Stored data: Begin
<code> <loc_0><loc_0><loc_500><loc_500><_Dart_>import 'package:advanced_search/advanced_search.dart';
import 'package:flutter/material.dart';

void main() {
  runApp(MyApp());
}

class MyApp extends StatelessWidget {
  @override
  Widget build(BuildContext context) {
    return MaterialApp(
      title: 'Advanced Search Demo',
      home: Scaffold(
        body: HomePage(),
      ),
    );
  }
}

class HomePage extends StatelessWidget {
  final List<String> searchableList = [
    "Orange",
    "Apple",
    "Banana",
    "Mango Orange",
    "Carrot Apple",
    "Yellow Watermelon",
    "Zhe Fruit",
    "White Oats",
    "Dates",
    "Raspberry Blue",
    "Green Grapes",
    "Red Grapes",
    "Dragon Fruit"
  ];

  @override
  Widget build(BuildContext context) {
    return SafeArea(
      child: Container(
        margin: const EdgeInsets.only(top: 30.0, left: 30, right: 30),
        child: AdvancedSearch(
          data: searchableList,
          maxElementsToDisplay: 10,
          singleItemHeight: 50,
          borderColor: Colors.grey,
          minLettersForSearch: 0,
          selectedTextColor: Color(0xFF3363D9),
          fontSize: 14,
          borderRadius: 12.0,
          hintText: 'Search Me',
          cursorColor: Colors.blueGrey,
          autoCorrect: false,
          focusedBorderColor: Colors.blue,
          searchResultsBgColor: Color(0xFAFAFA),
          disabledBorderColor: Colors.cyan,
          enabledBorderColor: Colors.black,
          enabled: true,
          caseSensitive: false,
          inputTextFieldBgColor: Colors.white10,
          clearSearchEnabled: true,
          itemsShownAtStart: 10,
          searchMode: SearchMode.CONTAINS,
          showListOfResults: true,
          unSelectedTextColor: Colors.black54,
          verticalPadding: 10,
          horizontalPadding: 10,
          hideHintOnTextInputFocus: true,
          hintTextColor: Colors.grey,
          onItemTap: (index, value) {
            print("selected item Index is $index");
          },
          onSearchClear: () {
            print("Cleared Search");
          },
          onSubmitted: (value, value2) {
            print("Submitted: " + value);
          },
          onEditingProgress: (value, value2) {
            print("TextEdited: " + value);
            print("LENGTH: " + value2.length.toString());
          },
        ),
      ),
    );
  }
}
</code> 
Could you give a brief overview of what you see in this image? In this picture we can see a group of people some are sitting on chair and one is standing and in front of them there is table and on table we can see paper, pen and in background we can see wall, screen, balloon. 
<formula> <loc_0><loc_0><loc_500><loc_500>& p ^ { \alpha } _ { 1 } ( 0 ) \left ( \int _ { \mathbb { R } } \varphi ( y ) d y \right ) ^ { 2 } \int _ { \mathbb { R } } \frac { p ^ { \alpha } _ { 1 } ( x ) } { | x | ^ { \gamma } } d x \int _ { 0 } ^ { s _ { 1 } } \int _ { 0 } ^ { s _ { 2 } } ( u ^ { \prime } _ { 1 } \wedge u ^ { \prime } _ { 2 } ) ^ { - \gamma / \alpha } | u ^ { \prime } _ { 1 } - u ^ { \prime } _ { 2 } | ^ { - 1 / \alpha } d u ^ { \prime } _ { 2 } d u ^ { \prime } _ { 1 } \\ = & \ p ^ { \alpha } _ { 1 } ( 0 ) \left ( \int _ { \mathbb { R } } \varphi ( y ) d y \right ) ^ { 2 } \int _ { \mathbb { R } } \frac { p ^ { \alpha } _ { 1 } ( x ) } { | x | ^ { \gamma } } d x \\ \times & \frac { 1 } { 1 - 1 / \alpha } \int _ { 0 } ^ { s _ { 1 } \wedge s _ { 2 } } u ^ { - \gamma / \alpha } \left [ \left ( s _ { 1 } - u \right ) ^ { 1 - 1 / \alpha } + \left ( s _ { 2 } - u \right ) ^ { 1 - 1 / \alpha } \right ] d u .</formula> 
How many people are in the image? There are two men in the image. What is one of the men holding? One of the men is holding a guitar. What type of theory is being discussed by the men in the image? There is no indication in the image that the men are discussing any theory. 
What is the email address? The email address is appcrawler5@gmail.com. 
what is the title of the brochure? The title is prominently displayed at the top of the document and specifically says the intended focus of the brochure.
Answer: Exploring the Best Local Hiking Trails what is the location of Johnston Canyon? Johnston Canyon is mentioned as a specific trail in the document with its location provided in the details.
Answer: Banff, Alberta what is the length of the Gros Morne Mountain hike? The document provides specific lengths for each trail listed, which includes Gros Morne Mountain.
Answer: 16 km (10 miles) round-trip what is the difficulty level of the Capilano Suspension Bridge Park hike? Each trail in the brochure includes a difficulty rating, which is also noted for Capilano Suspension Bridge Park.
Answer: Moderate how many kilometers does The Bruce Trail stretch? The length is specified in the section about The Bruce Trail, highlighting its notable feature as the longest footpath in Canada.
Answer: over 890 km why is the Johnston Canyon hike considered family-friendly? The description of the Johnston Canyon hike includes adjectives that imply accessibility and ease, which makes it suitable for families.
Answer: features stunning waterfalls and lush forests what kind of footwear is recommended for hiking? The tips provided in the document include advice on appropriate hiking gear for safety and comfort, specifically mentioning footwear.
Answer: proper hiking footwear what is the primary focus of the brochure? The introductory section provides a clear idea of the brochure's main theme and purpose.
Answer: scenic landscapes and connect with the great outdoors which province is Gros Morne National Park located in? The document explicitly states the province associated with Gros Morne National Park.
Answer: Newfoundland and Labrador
Stored data: End
* Work instructions *
Using the entries above, determine how many lines include the string "HomePage" and write only that number.

* Expected answer *
2